Selain itu, saya keberatan amalan dicatat sendiri adalah rawan dimanipulasi, ya siapa tahu, ada saja celahnya.
Awalnya, saya mengisinya dengan setengah hati meskipun penuh integritas atau tetap mengisinya dengan jujur.
Begitu naik kelas XI SMA, tidak ada lagi program mencatat amal ibadah serupa lagi sampai lulus pun begitu.
Sejak itu, saya merasa bebas karena tidak terbebani kewajiban itu, tetapi bukan berarti saya bebas untuk tidak beribadah.
Ada rasa lega dan bisa berkonsentrasi menyimak ceramah ketika tidak ada lagi kewajiban mencatat ceramah.
Namun, begitu menginjak fase kuliah, saya merasa menyesal mengapa dulu tidak suka mencatat amal ibadah Ramadan.

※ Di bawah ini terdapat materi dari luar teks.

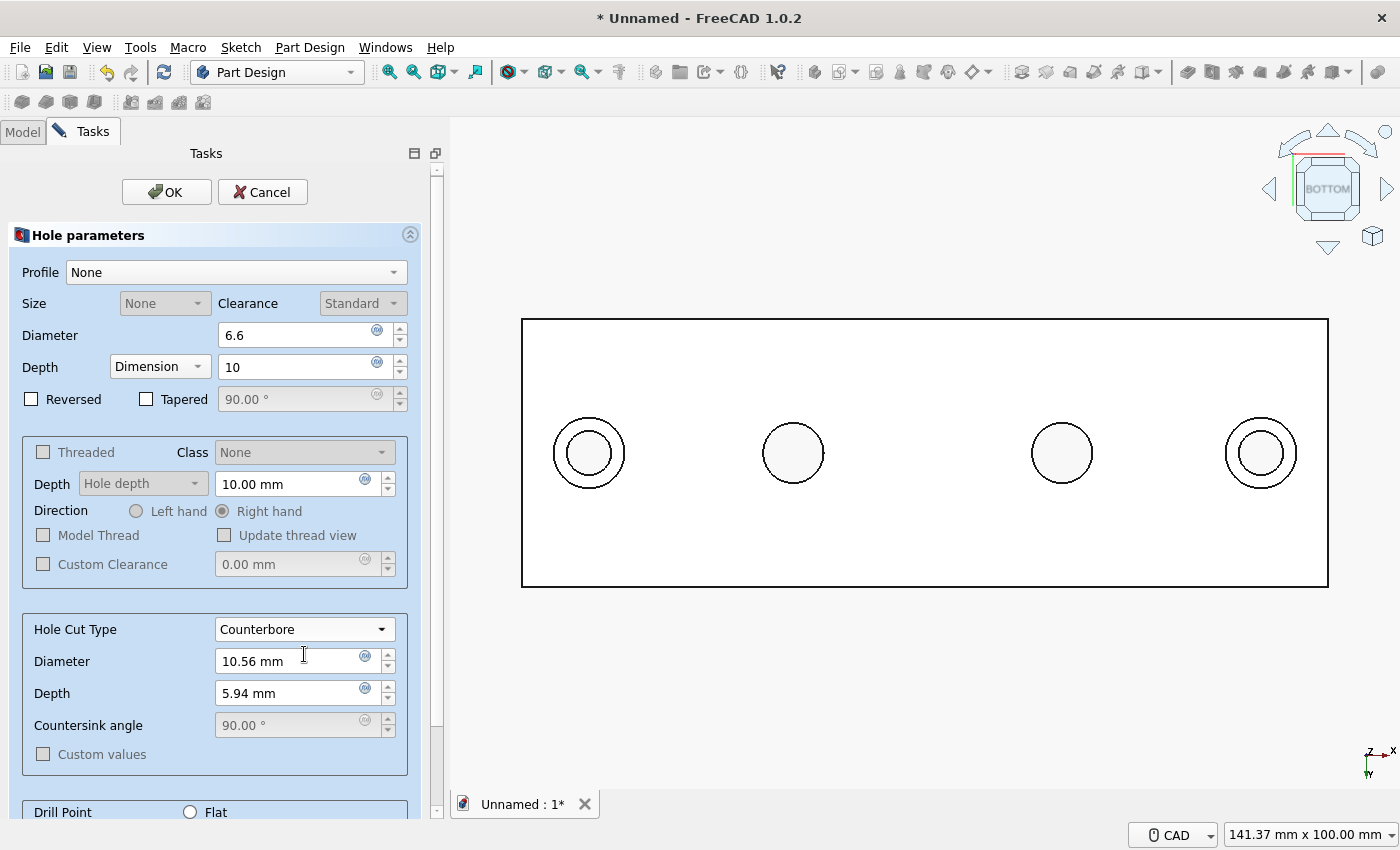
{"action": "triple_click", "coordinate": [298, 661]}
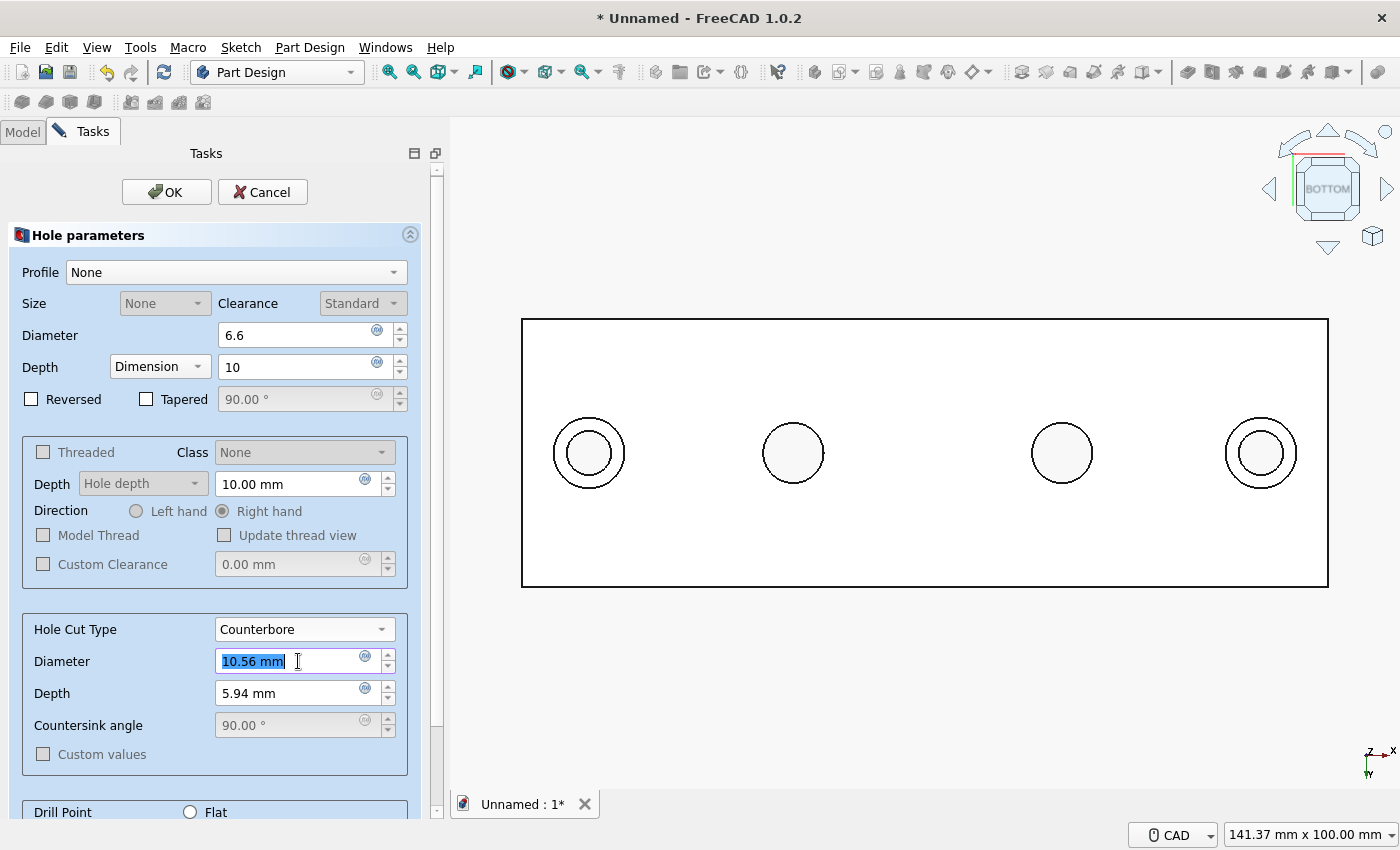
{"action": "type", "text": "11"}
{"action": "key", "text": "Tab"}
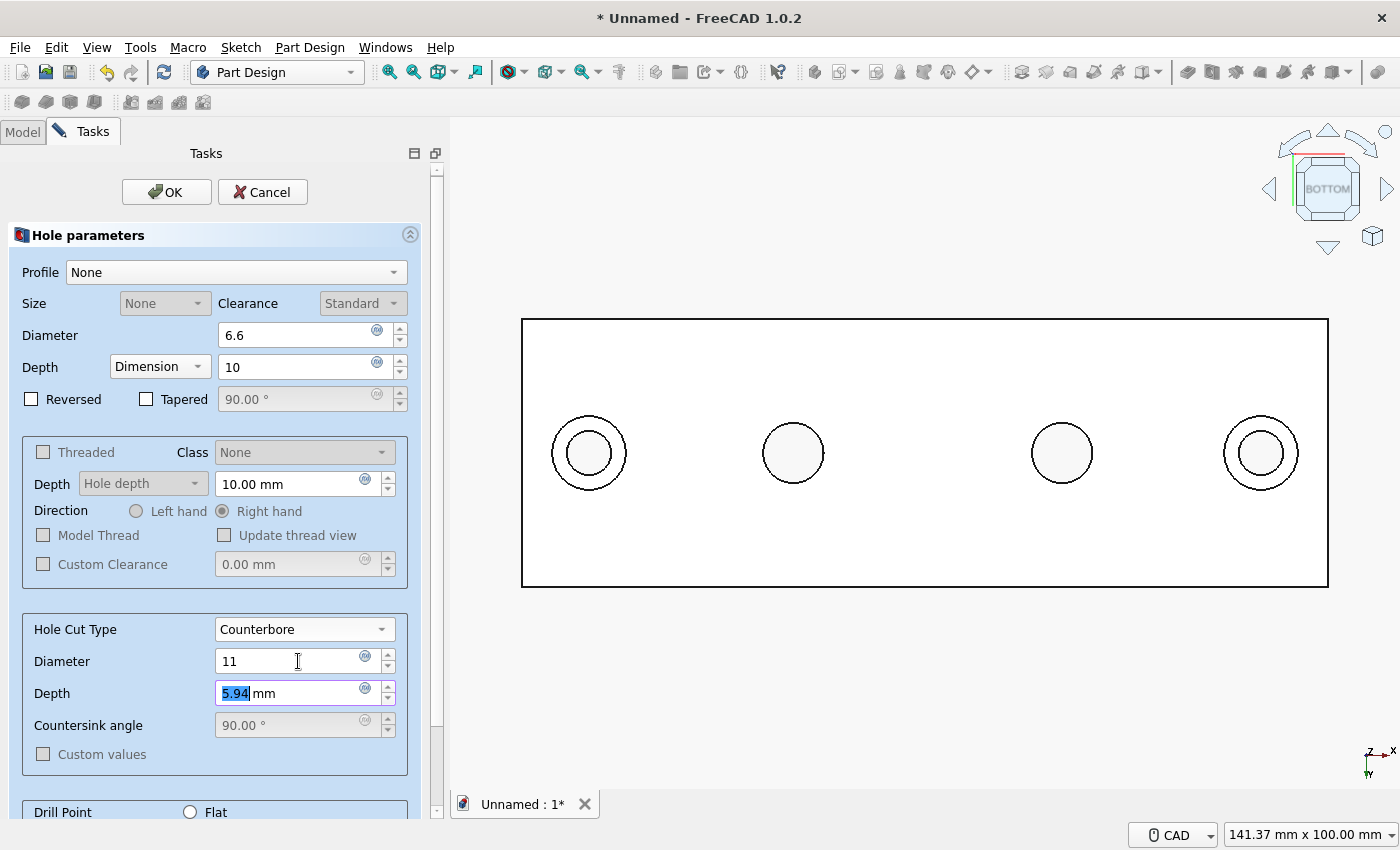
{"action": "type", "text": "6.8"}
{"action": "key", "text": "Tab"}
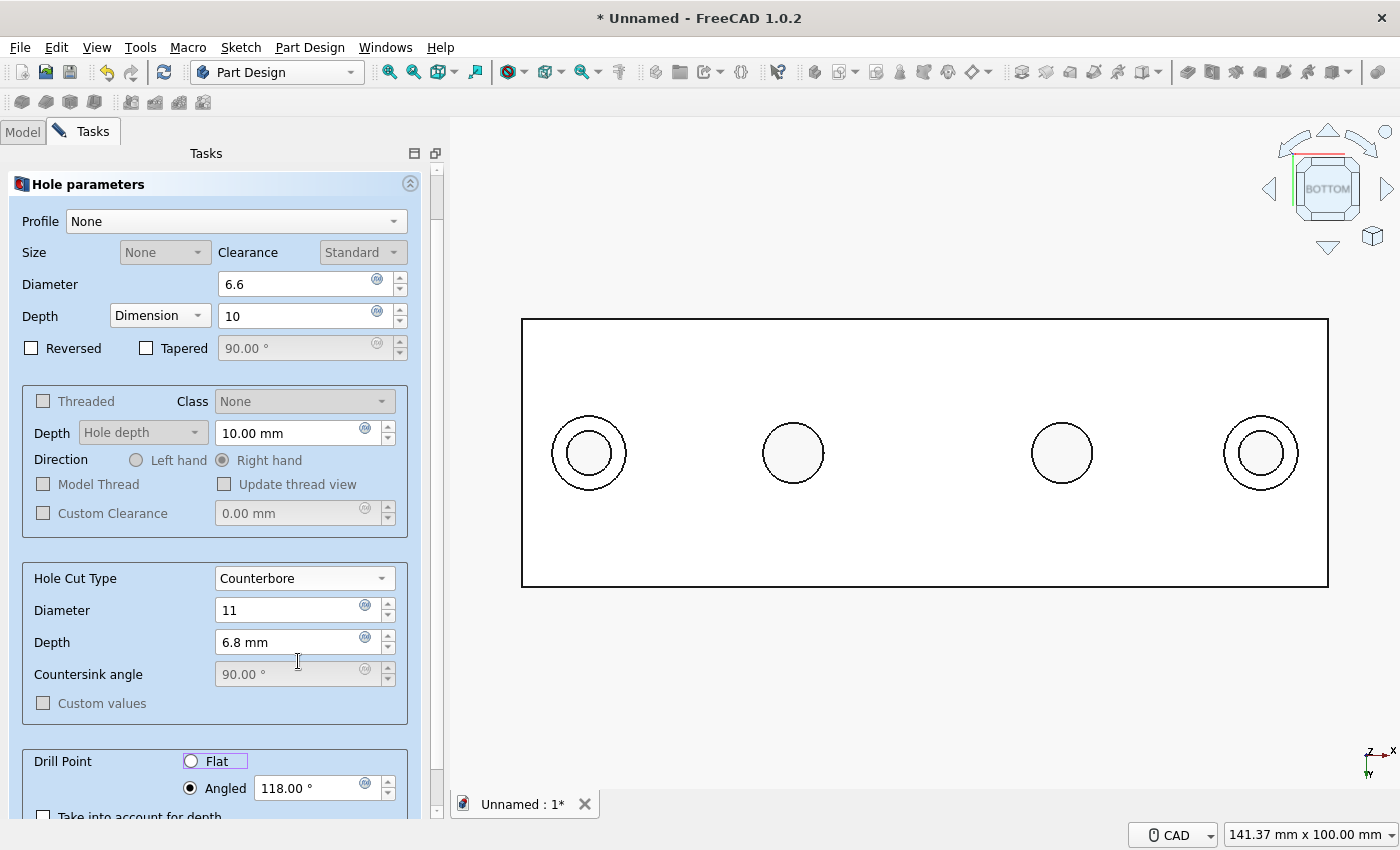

Begitu tidak ada keharusan mencatatnya, ibadah saya berantakan, dikerjakan asal sudah terlaksana.
Belum lagi saat kuliah ketika jam istirahat terlalu singkat, waktu untuk beribadah kurang cukup dan tergesa-gesa.
Ibadah sunah pun tidak terlalu sering begitu tidak ada lagi buku catatan sebagai kontrol untuk beribadah.
Terlepas dari itu, saya merasa bersyukur pernah ibadah sesempurna saat masih di bangku sekolah.
Bagi adik-adik yang mendapatkan tugas mencatat amal ibadah seperti saya, nikmati tiap prosesnya dan jangan dijadikan beban.